Huguette et Hubert avaient eu une vie commune plutôt heureuse. Ils s’étaient mariés jeunes, s’étaient peu disputés et avaient un peu voyagé. La vie n’avait pas toujours été facile pour Hubert. Issu d’un milieu pauvre, il avait connu des restrictions durant la guerre, qui avaient marqué son enfance. Il avait travaillé dur afin de ne plus jamais manquer de rien, pour pouvoir ensuite profiter de la vie. Sa femme, Huguette, aimait particulièrement faire à manger, elle mettait tout son cœur à lui préparer de bons petits plats, et il se délectait à chaque fois des mets qu’elle lui concoctait avec amour. Huguette aimait aussi la tranquillité, les journées calmes où rien de particulier ne se passait, et, surtout, elle n'aimait pas être dérangée. C’est pour cela qu’ils n’avaient pas eu d’enfants. Huguette avait horreur du bruit, ça la fatiguait, et la fatigue la mettait de mauvaise humeur.

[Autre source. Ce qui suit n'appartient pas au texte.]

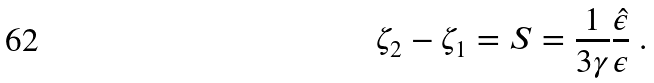Convert formula to latex. <formula><loc_0><loc_0><loc_500><loc_500>\zeta _ { 2 } - \zeta _ { 1 } = S = \frac { 1 } { 3 \gamma } \frac { \hat { \epsilon } } { \epsilon } \ .</formula>

Hubert avait quelques vieux copains avec qui il allait parfois jouer à la pétanque ou qu’il invitait à la maison pour regarder le foot à la télé. Parmi eux, il y avait Dédé, le plus jeune de la bande, toujours célibataire, qui ne manquait jamais de souhaiter son anniversaire à Huguette. Ça l'énervait un peu, Huguette… Elle se disait qu’à leur âge, c'était plutôt ridicule... Mais, chaque année, Dédé se présentait à la porte, son bouquet de fleurs à la main. Hubert, lui, riait bien de cette habitude, il disait à Huguette que Dédé était secrètement amoureux d'elle et que c’était pour cette raison qu'il ne s'était jamais marié.

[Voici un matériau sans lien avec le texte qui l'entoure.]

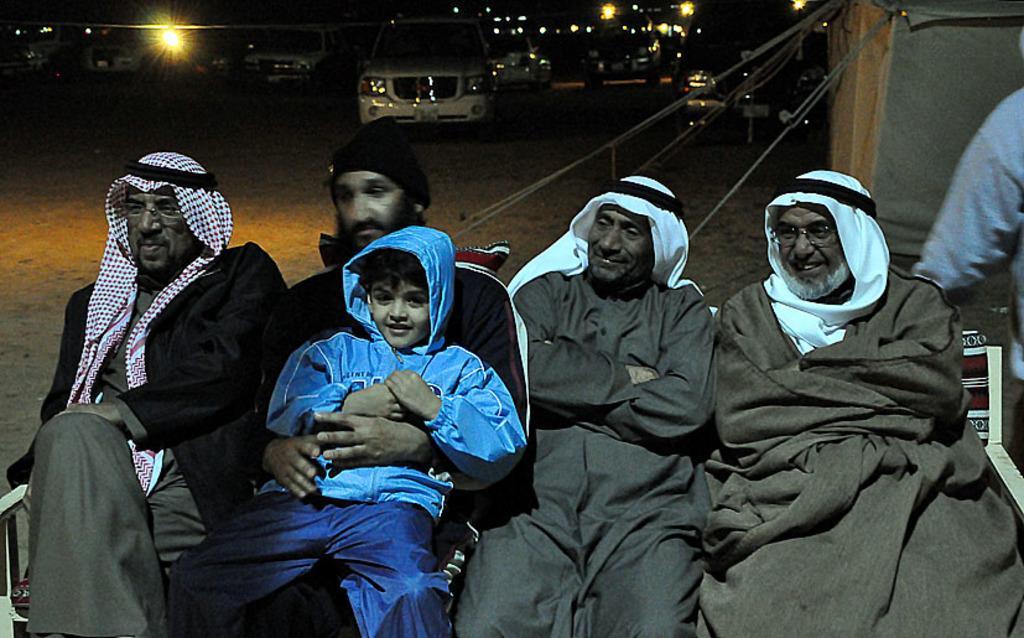Can you describe this image briefly? At the bottom of this image, there are four persons, smiling and sitting on a bench. One of them is a holding a boy who is in a blue color jacket. On the right side, there is another person. In the background, there are vehicles on the road, there are lights and a building. And the background is dark in color.

Huguette aimait toujours son mari, mais elle n’aimait pas ses amis, qui étaient tellement bruyants… Quand ils venaient à la maison, elle avait toujours l’impression qu’ils ne la respectaient pas. Ces jours-là, elle devenait comme étrangère, et même Hubert n’arrivait pas à la sortir de son mutisme, encore moins à la faire rire. Elle se réfugiait alors à la cuisine et restait aux fourneaux jusqu’à ce que les amis d’Hubert soient partis. Quand elle préparait le repas, sa mauvaise humeur se dissipait. Une fois seuls, ils partageaient le repas et Hubert, comme à son habitude, oubliait ses problèmes de cholestérol. Il disait toujours que, sur son lit de mort, il ne voudrait pas avoir à regretter quoi que ce soit. Et la bonne chère faisait partie des plaisirs auxquels il ne voulait en aucun cas renoncer.

 

Hubert mourut soudainement d’une crise cardiaque foudroyante. Les médecins ne purent rien faire, et, pour Huguette, le cauchemar commença. Il y eut un défilé ininterrompu de gens désireux de présenter leurs condoléances et de porter assistance à la veuve éplorée. Tous les amis qu’Hubert avait chéris se présentaient maintenant à sa porte, et Huguette les maudissait. Elle n'avait qu'une envie : se retrouver seule. Au bout d'une quinzaine de jours, tout cela se calma, les âmes charitables avaient compris qu'elles ne pouvaient rien pour apaiser le chagrin de la vieille dame, et plus personne n’était venu sonner à sa porte.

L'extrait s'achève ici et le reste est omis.